The problem:
In the records below, the lines between the one holding "line1=raw_input()" and the one holding "Give a very brief answer. 2.", inclusive, are to be transcribed exactly; no pictures are to be included.

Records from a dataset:
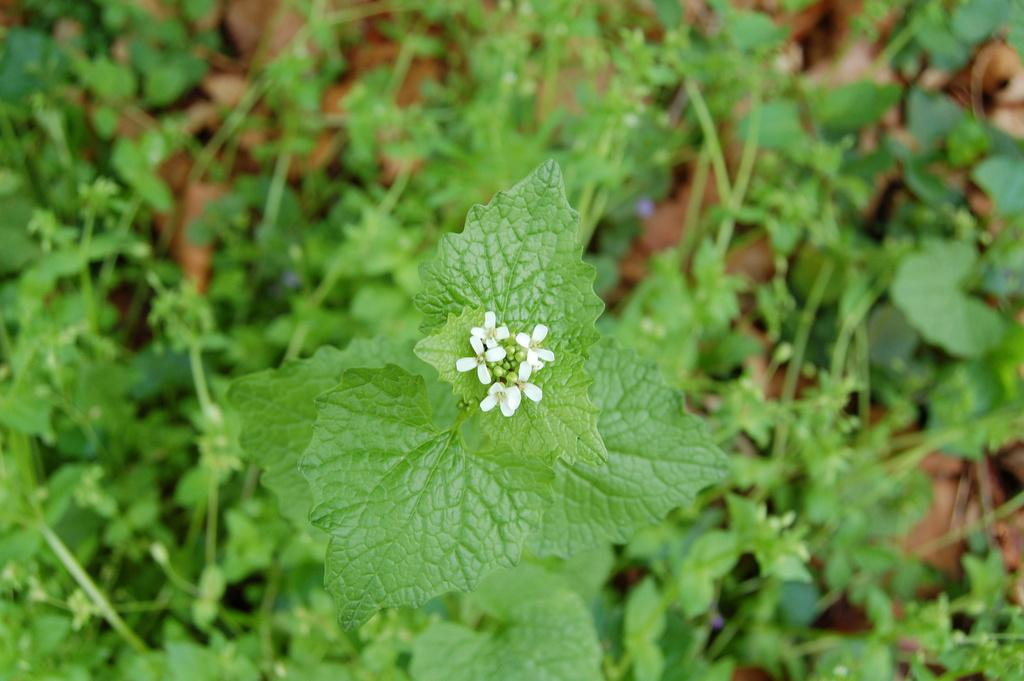What type of living organisms can be seen in the image? There are creeps in the image. What other elements can be seen in the image besides the creeps? There are flowers in the image. What holiday is being celebrated in the image? There is no indication of a holiday being celebrated in the image. How many fingers can be seen in the image? There is no mention of fingers in the image, as it only features creeps and flowers. 
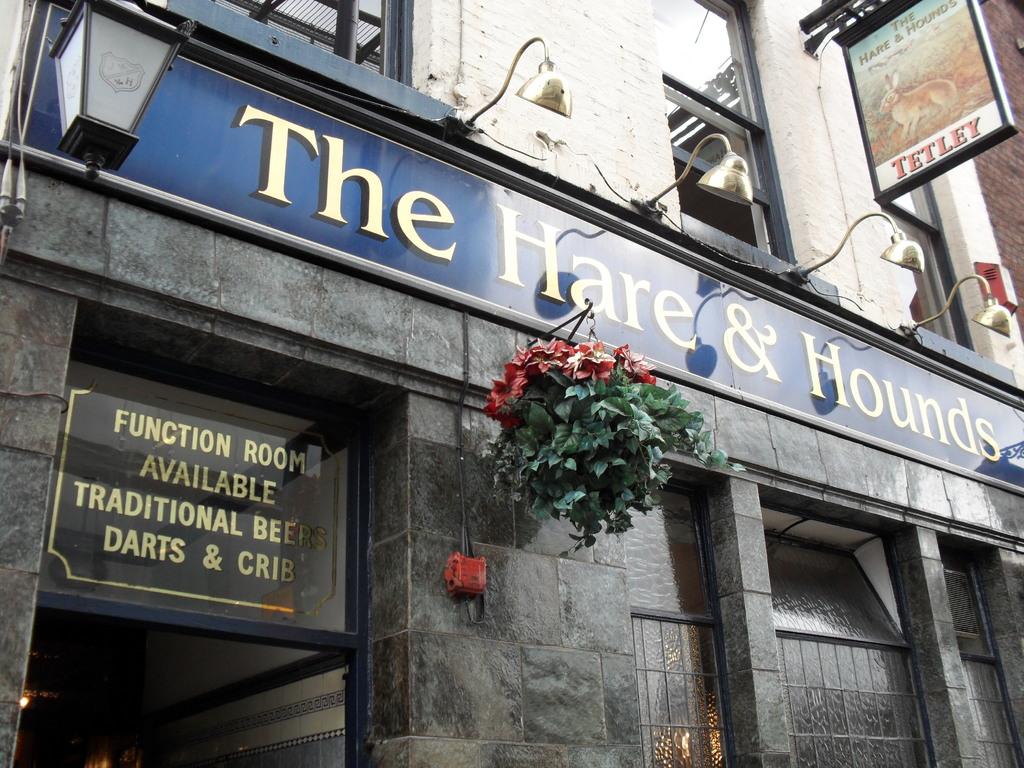What is the name of the place?
Provide a short and direct response. The hare & hounds. 
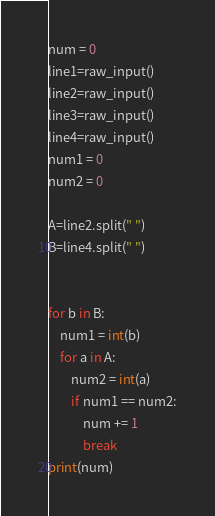<code> <loc_0><loc_0><loc_500><loc_500><_Python_>num = 0
line1=raw_input()
line2=raw_input()
line3=raw_input()
line4=raw_input()
num1 = 0
num2 = 0

A=line2.split(" ")
B=line4.split(" ")


for b in B:
    num1 = int(b)
    for a in A:
        num2 = int(a)
        if num1 == num2:
            num += 1 
            break
print(num)
</code> 
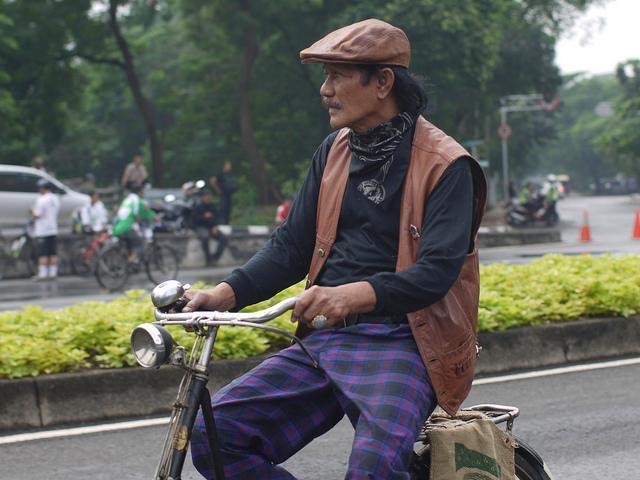How many bicycles are there?
Give a very brief answer. 2. How many people are there?
Give a very brief answer. 3. 
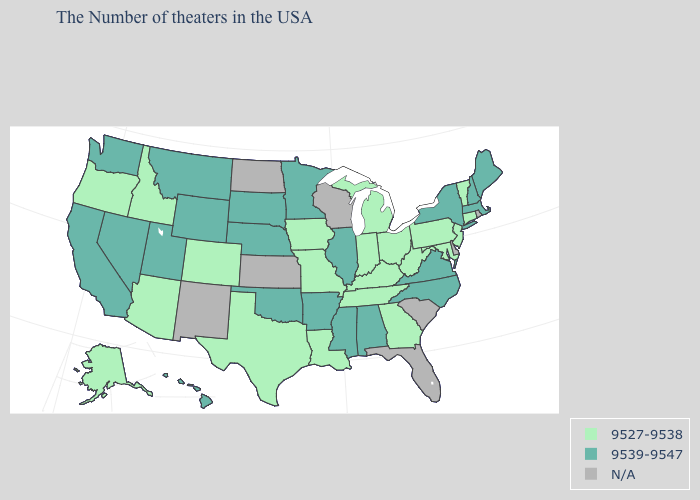Which states have the highest value in the USA?
Answer briefly. Maine, Massachusetts, New Hampshire, New York, Virginia, North Carolina, Alabama, Illinois, Mississippi, Arkansas, Minnesota, Nebraska, Oklahoma, South Dakota, Wyoming, Utah, Montana, Nevada, California, Washington, Hawaii. What is the value of Tennessee?
Write a very short answer. 9527-9538. What is the highest value in the USA?
Write a very short answer. 9539-9547. Among the states that border Nebraska , does Colorado have the highest value?
Be succinct. No. What is the highest value in the MidWest ?
Concise answer only. 9539-9547. Does the first symbol in the legend represent the smallest category?
Answer briefly. Yes. Which states hav the highest value in the South?
Be succinct. Virginia, North Carolina, Alabama, Mississippi, Arkansas, Oklahoma. What is the value of Washington?
Concise answer only. 9539-9547. Name the states that have a value in the range 9527-9538?
Be succinct. Vermont, Connecticut, New Jersey, Maryland, Pennsylvania, West Virginia, Ohio, Georgia, Michigan, Kentucky, Indiana, Tennessee, Louisiana, Missouri, Iowa, Texas, Colorado, Arizona, Idaho, Oregon, Alaska. Does the first symbol in the legend represent the smallest category?
Answer briefly. Yes. What is the value of Texas?
Quick response, please. 9527-9538. What is the value of Vermont?
Concise answer only. 9527-9538. Among the states that border Georgia , which have the lowest value?
Keep it brief. Tennessee. Does Washington have the highest value in the West?
Give a very brief answer. Yes. 
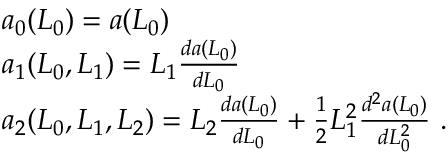Convert formula to latex. <formula><loc_0><loc_0><loc_500><loc_500>\begin{array} { r l } & { a _ { 0 } ( L _ { 0 } ) = a ( L _ { 0 } ) } \\ & { a _ { 1 } ( L _ { 0 } , L _ { 1 } ) = L _ { 1 } \frac { d a ( L _ { 0 } ) } { d L _ { 0 } } } \\ & { a _ { 2 } ( L _ { 0 } , L _ { 1 } , L _ { 2 } ) = L _ { 2 } \frac { d a ( L _ { 0 } ) } { d L _ { 0 } } + \frac { 1 } { 2 } L _ { 1 } ^ { 2 } \frac { d ^ { 2 } a ( L _ { 0 } ) } { d L _ { 0 } ^ { 2 } } \ . } \end{array}</formula>

Result for this exercise:
line1=raw_input()
line2=raw_input()
line3=raw_input()
line4=raw_input()
num1 = 0
num2 = 0

A=line2.split(" ")
B=line4.split(" ")


for b in B:
    num1 = int(b)
    for a in A:
        num2 = int(a)
        if num1 == num2:
            num += 1 
            break
print(num)
</code> 
How many bicycles are there?
Give a very brief answer. 2. How many people are there?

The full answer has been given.